Entré dans le cercle des quinquas depuis l’année dernière, Jazz à Juan est le plus ancien des festivals européens dédiés à la note bleue. Après tant d’années de service, on pourrait craindre l’embourgeoisement, comme dans ces pièces où les beaux meubles prennent un peu trop la poussière. En fait, c’est plutôt l’inverse qui se produit. Passé sous la direction artistique de Jean-René Palacio (qui a remplacé Harry Lapp, désormais en charge du Nice Jazz Festival) depuis 2010, le rendez-vous juanais a trouvé un nouveau souffle. Vendredi soir, pour la deuxième soirée de l’édition 2011, c’est une escouade de All-stars (Herbie Hancock, Marcus Miller, Wayne Shorter) qui a débarqué à la Pinède qui a débarqué pour rendre hommage au génie de Miles Davis.

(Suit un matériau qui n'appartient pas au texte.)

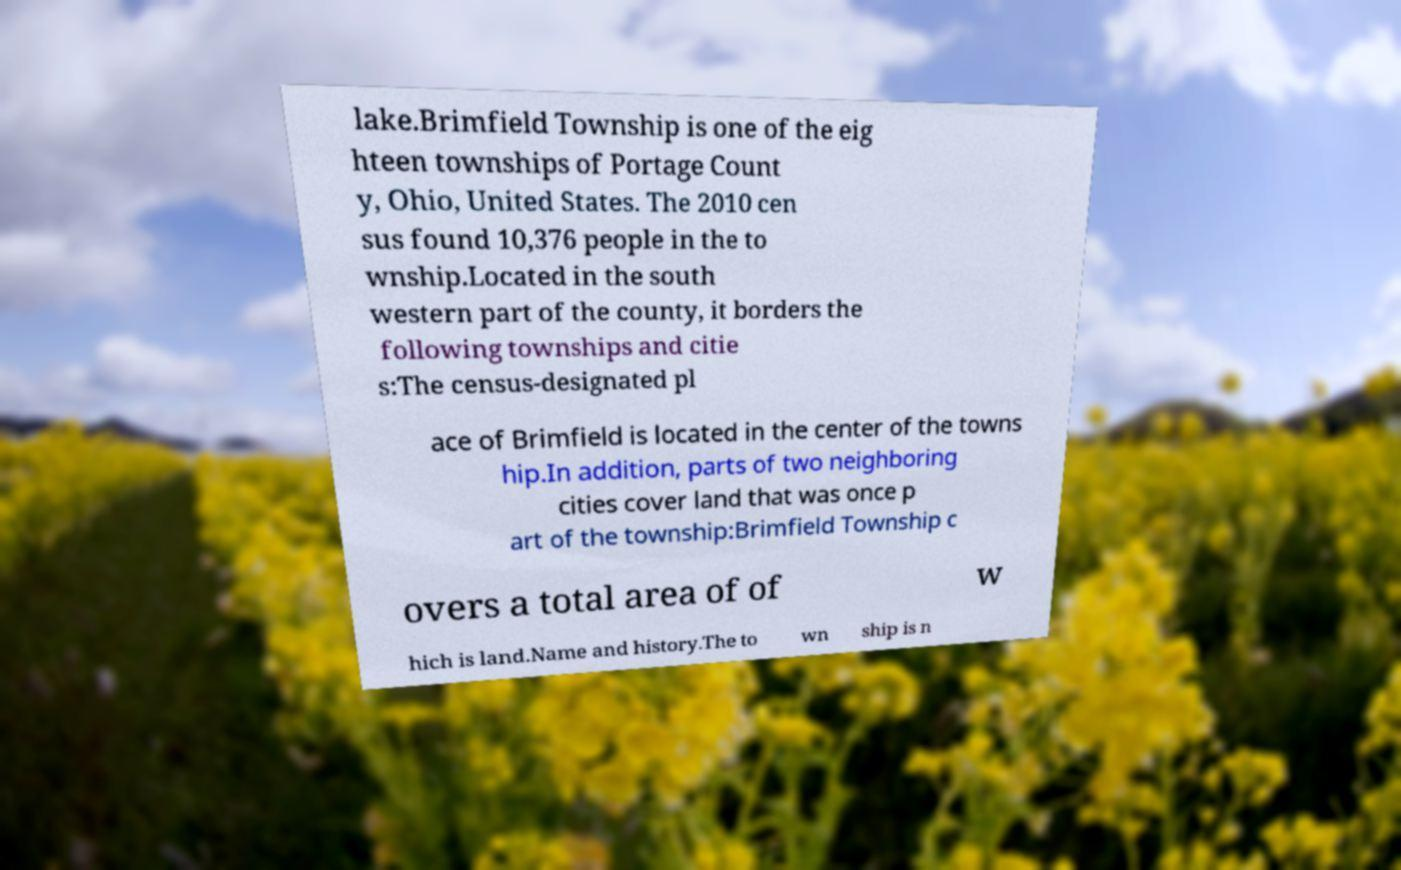For documentation purposes, I need the text within this image transcribed. Could you provide that? lake.Brimfield Township is one of the eig hteen townships of Portage Count y, Ohio, United States. The 2010 cen sus found 10,376 people in the to wnship.Located in the south western part of the county, it borders the following townships and citie s:The census-designated pl ace of Brimfield is located in the center of the towns hip.In addition, parts of two neighboring cities cover land that was once p art of the township:Brimfield Township c overs a total area of of w hich is land.Name and history.The to wn ship is n 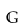Convert formula to latex. <formula><loc_0><loc_0><loc_500><loc_500>\mathbb { G }</formula> 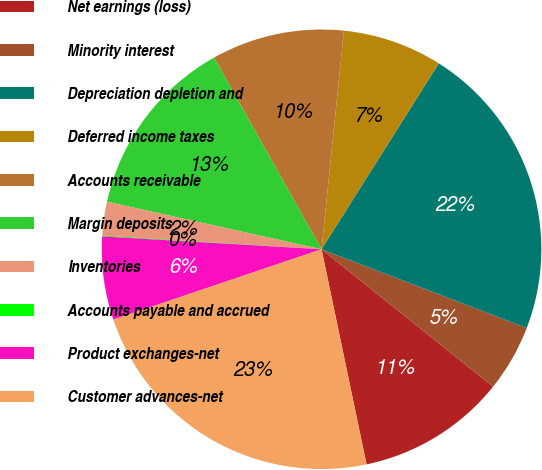<chart> <loc_0><loc_0><loc_500><loc_500><pie_chart><fcel>Net earnings (loss)<fcel>Minority interest<fcel>Depreciation depletion and<fcel>Deferred income taxes<fcel>Accounts receivable<fcel>Margin deposits<fcel>Inventories<fcel>Accounts payable and accrued<fcel>Product exchanges-net<fcel>Customer advances-net<nl><fcel>10.97%<fcel>4.91%<fcel>21.88%<fcel>7.33%<fcel>9.76%<fcel>13.39%<fcel>2.48%<fcel>0.06%<fcel>6.12%<fcel>23.09%<nl></chart>

Derrière les affiches grandiloquentes, tapageuses où le mot “hommage” s’étale en lettres grasses, on peut s’attendre à tout. A la bouillie infâme de zikos qui, en croyant saluer le talent de leurs idoles, n’offrent qu’une copie “Made in Taïwan” de l’objet de leurs rêveries. On peut aussi avoir droit à quelque chose de très propre, à une prestation proche de l’originale, la fraîcheur et l’inattendu en moins.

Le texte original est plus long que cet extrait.